• _Exercise directions_:
The lines to reproduce run from the one containing "maker's years: 1665-1740" through the end of the records below. Reproduce them exactly and add nothing.
════════
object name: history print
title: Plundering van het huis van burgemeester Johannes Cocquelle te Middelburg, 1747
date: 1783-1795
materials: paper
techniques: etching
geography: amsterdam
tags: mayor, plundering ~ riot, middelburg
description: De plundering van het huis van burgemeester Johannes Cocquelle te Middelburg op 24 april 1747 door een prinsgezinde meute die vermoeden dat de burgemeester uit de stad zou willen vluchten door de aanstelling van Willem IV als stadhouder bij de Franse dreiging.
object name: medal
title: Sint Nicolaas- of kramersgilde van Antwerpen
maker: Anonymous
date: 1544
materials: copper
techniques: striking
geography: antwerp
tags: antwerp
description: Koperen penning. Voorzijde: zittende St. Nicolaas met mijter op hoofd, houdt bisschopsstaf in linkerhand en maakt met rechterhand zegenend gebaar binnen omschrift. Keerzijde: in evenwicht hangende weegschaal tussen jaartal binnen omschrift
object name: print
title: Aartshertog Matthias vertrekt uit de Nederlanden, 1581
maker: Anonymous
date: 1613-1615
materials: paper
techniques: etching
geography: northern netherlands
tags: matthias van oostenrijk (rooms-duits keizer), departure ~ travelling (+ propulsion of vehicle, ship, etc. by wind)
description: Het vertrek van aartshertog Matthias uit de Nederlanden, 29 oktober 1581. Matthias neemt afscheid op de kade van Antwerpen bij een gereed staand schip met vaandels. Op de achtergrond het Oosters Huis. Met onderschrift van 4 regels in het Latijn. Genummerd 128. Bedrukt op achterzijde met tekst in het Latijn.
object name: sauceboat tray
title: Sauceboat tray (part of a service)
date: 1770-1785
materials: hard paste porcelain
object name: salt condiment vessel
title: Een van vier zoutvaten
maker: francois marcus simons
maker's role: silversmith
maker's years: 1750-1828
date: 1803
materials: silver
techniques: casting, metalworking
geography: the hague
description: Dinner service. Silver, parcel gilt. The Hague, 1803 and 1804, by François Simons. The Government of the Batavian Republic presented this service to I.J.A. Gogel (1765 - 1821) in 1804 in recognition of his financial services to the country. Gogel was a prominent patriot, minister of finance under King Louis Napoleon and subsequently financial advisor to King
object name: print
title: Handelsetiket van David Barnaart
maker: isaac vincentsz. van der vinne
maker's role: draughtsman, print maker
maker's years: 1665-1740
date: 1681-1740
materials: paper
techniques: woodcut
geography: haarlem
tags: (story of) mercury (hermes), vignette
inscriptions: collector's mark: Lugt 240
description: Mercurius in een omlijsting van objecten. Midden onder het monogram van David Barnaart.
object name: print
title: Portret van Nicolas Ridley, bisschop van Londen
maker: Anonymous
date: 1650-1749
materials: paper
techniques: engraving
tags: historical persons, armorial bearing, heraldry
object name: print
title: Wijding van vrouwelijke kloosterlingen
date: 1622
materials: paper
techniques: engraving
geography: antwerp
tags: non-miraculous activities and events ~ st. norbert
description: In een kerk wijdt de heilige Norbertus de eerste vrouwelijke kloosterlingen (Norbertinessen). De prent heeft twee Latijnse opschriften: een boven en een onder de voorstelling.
════════
• _Answer below_:
maker's years: 1665-1740
date: 1681-1740
materials: paper
techniques: woodcut
geography: haarlem
tags: (story of) mercury (hermes), vignette
inscriptions: collector's mark: Lugt 240
description: Mercurius in een omlijsting van objecten. Midden onder het monogram van David Barnaart.
object name: print
title: Portret van Nicolas Ridley, bisschop van Londen
maker: Anonymous
date: 1650-1749
materials: paper
techniques: engraving
tags: historical persons, armorial bearing, heraldry
object name: print
title: Wijding van vrouwelijke kloosterlingen
date: 1622
materials: paper
techniques: engraving
geography: antwerp
tags: non-miraculous activities and events ~ st. norbert
description: In een kerk wijdt de heilige Norbertus de eerste vrouwelijke kloosterlingen (Norbertinessen). De prent heeft twee Latijnse opschriften: een boven en een onder de voorstelling.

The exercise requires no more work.